Marre des démarchages ? numéro à qui pour filtrer les appels indésirables

Interdire n’a jamais suffi. Les centres d’appels ont appris à jouer avec les règles, à les tordre jusqu’à l’absurde, pour continuer de faire vibrer nos téléphones à toute heure. Liste d’opposition ou pas, les appels indésirables résistent, insaisissables et persistants. Certains opérateurs s’engouffrent dans chaque faille, multiplient les numéros, brouillent les pistes. Résultat : le silence n’est jamais garanti, l’intrusion jamais vraiment écartée.

Pourquoi reçoit-on autant d’appels indésirables et comment reconnaître les numéros à éviter ?

Si nos téléphones ne cessent de sonner, c’est d’abord parce que nos données circulent sans frein. Un achat en ligne, une simple inscription à une newsletter, et nos coordonnées atterrissent dans les fichiers de démarchage. Beaucoup signent sans trop regarder, cèdent à la rapidité, et la machine s’enclenche : chaque numéro devient une cible.

Les sociétés de démarchage, qu’elles soient hexagonales ou offshore, exploitent des listes achetées, échangées ou même collectées de façon douteuse. Les récentes lois restreignent certains secteurs, mais la régulation a toujours un coup de retard. Il suffit d’un indicatif inhabituel, d’une suite de chiffres inconnue ou d’un appel à l’accent artificiel pour sentir le piège.

Voici les signaux qui doivent éveiller l’attention :

  • Des numéros débutant par 09 ou affichant des préfixes peu courants, qui sont régulièrement utilisés par les plateformes de démarchage.
  • Des appels automatiques, où un robot vérifie simplement que la ligne répond avant de passer le relais à un humain.
  • Des conversations ambiguës, où l’objet de l’appel reste flou, puis bifurque subitement vers une offre commerciale.

La frontière reste ténue entre un appel légitime et une sollicitation agressive. Certains centres d’appels changent de numéro à la volée, brouillant les tentatives de filtrage. La prudence est donc de mise : jamais de données confidentielles au téléphone, et si un doute subsiste, mieux vaut vérifier l’identité de l’appelant et signaler tout abus aux organismes compétents.

Homme âgé avec téléphone sans fil dans un bureau à domicile

Applications, astuces et numéros utiles : le guide pratique pour filtrer efficacement les démarchages téléphoniques

Face à l’avalanche d’appels non désirés, plusieurs outils permettent de reprendre la main. Le premier réflexe reste d’inscrire son numéro sur la plateforme Bloctel, gérée par les pouvoirs publics. Ce service officiel permet de notifier son refus d’être sollicité par les démarcheurs. L’inscription se fait en ligne, sans frais.
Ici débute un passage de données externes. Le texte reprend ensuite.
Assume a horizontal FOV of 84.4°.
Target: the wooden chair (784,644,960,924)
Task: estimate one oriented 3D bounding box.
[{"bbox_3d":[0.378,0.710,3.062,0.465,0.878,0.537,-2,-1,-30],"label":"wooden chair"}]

Toutefois, la parade n’est pas infaillible : certains centres d’appels persistent à contourner les interdictions.

Autre levier, les paramètres de nos propres téléphones. Les appareils sous Android ou iOS proposent des réglages intégrés pour bloquer ou filtrer les numéros douteux. En fouillant dans les options d’appels, il est possible de créer une liste noire, de bloquer les numéros inconnus ou de personnaliser les alertes.
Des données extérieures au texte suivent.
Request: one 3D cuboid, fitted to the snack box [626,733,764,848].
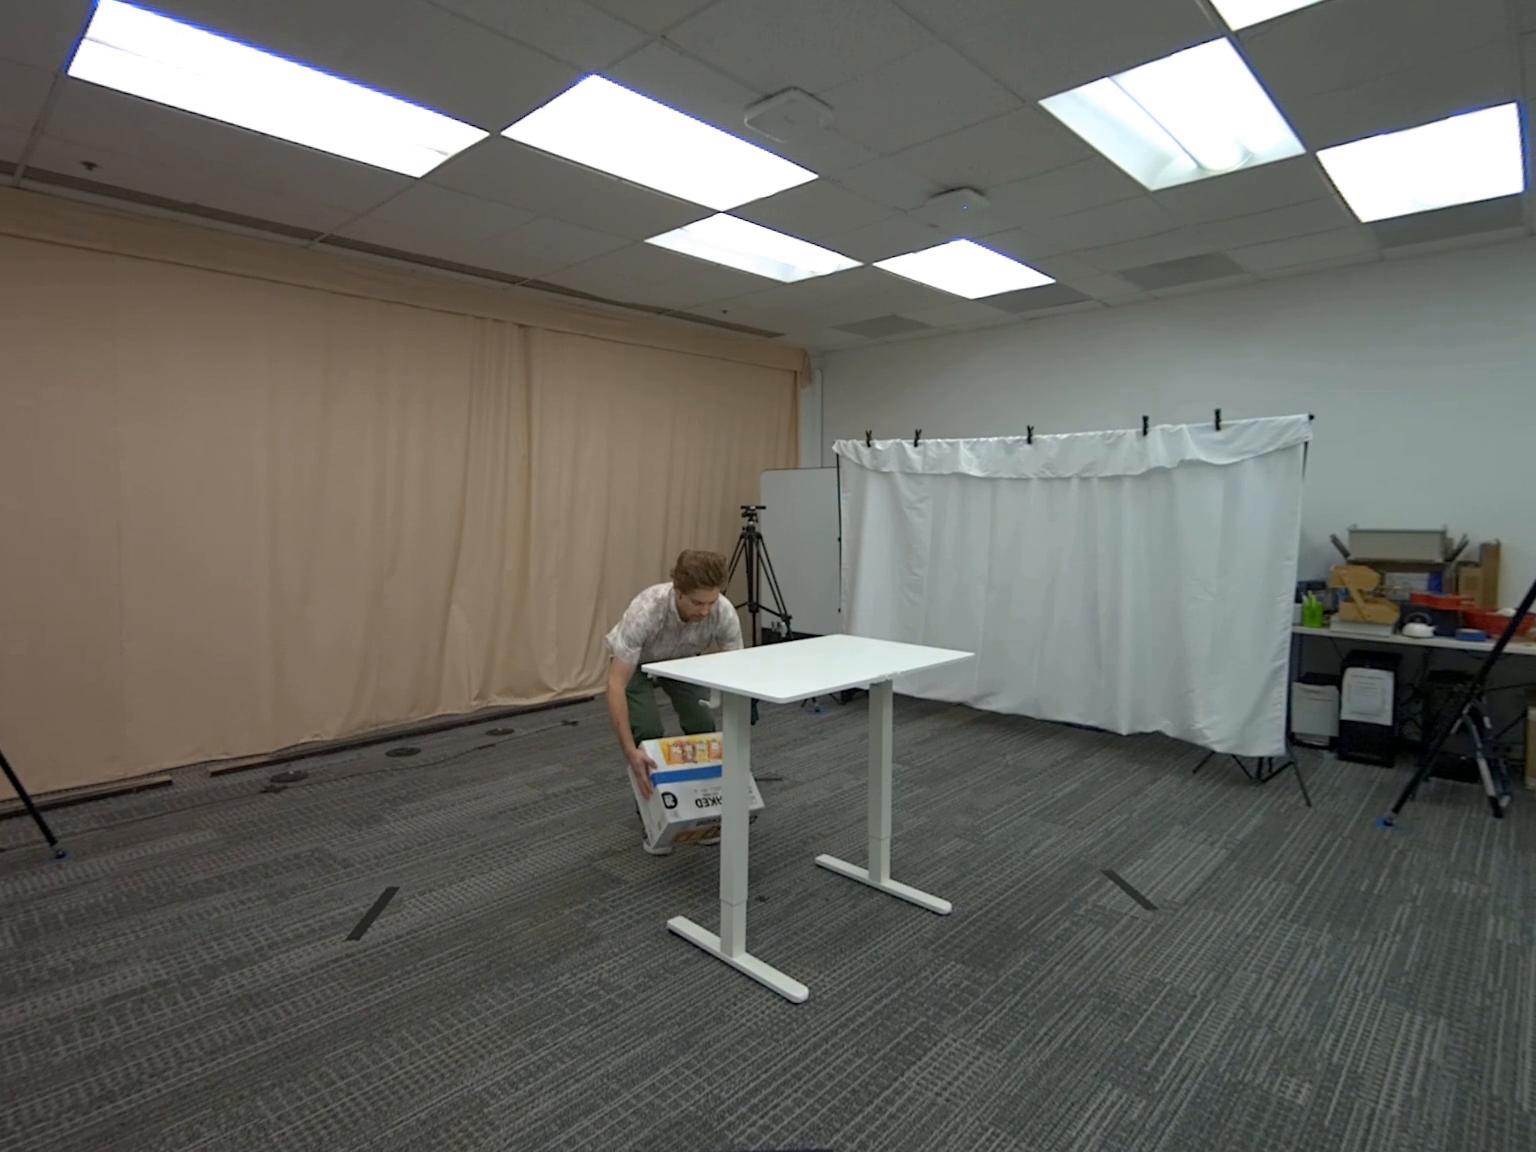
[{"bbox_3d":[-0.276,0.802,3.208,0.394,0.205,0.351,-1,45,-30],"label":"snack box"}]

Pour renforcer la défense, des applications spécialisées prennent le relais. Orange Téléphone figure parmi les plus connues : elle identifie et bloque automatiquement nombre de numéros associés au démarchage. D’autres solutions existent, gratuites ou payantes, avec des fonctionnalités comme le filtrage en temps réel, les alertes communautaires ou le signalement partagé.
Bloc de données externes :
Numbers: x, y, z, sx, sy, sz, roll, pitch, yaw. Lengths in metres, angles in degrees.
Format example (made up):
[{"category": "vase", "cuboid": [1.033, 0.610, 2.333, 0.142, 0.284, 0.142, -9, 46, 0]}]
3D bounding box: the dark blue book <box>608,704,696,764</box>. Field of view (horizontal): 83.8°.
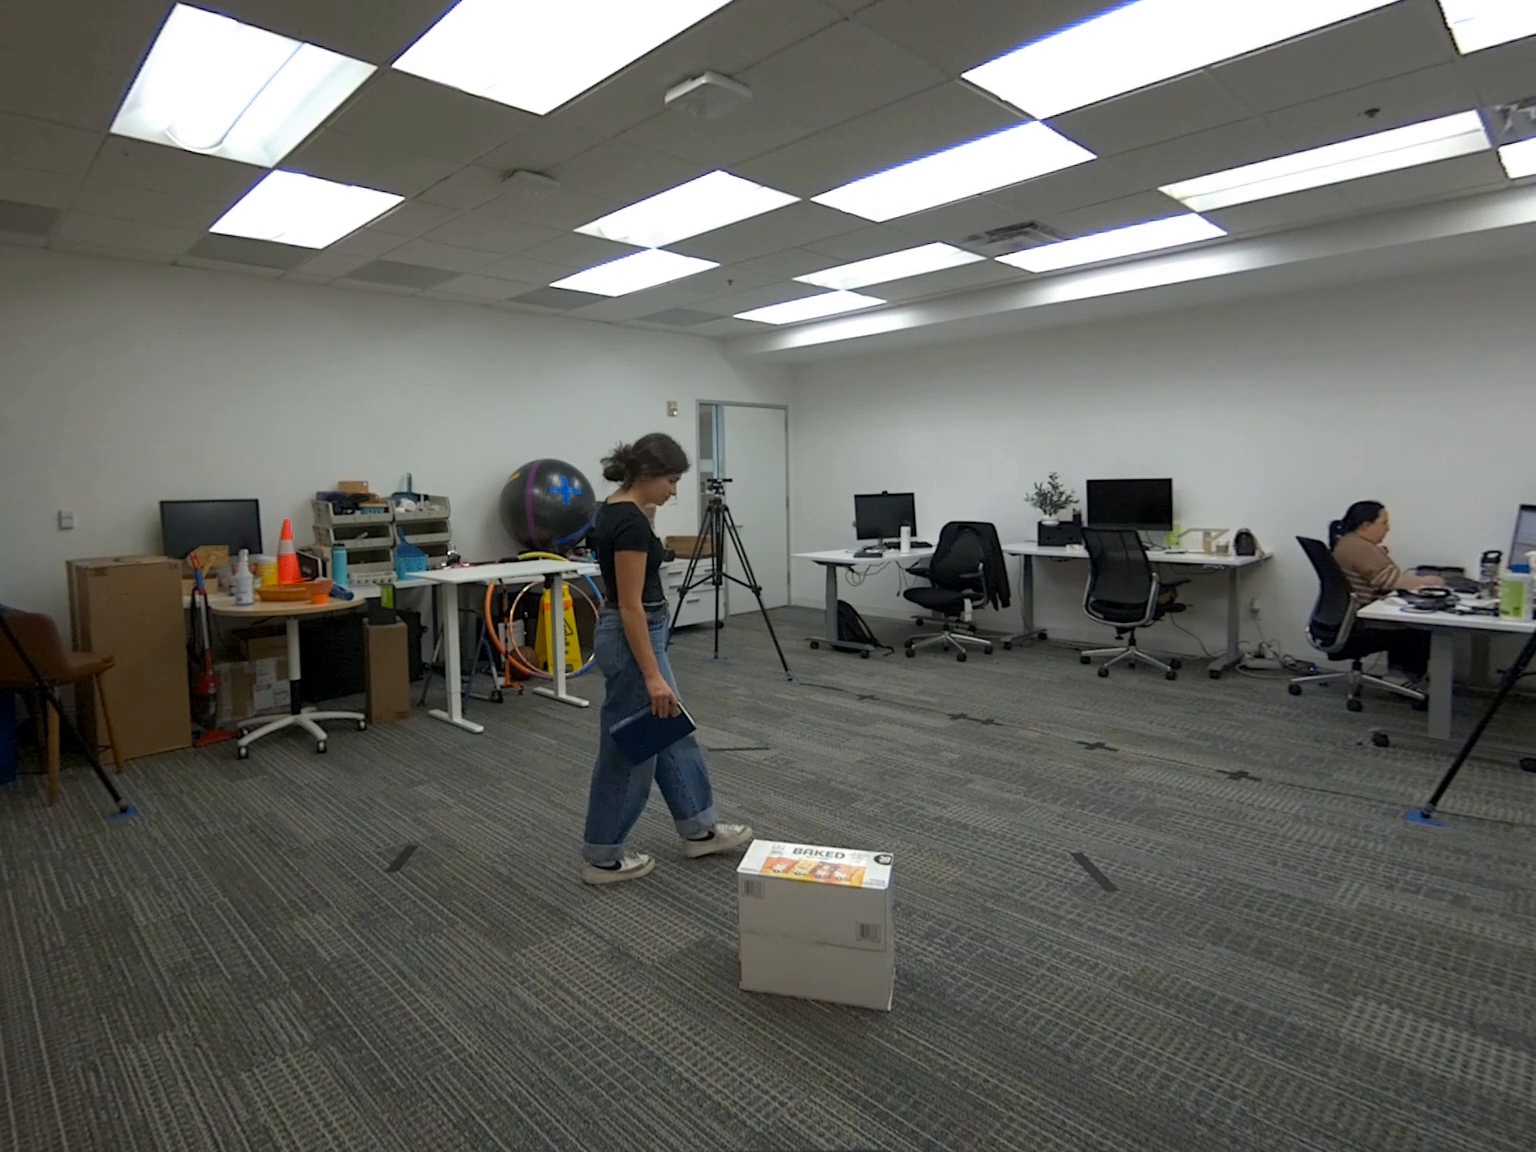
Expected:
[{"category": "dark blue book", "cuboid": [-0.381, 0.502, 2.838, 0.245, 0.159, 0.046, -32, 23, 1]}]

Voici un aperçu des méthodes et outils à disposition :

  • Bloctel : service national d’opposition au démarchage
  • Orange Téléphone : application gratuite pour repérer et bloquer les numéros suspects
  • Réglages téléphone : utilisation des fonctionnalités natives de blocage
  • Applications tierces : outils alternatifs pour filtrer appels et SMS indésirables

Certains professionnels installent même des assistants téléphoniques ou des secrétaires virtuels qui filtrent les appels à leur place, ne laissant passer que les contacts vérifiés. Cette solution prend de l’ampleur, surtout chez ceux que le démarchage commercial épuise.

Impossible d’éradiquer totalement le démarchage téléphonique. Mais à force de vigilance, d’outils adaptés et d’une dose de méfiance, on peut refermer la porte sur une large part du vacarme. Reste à voir combien de temps les démarcheurs mettront à inventer la prochaine faille.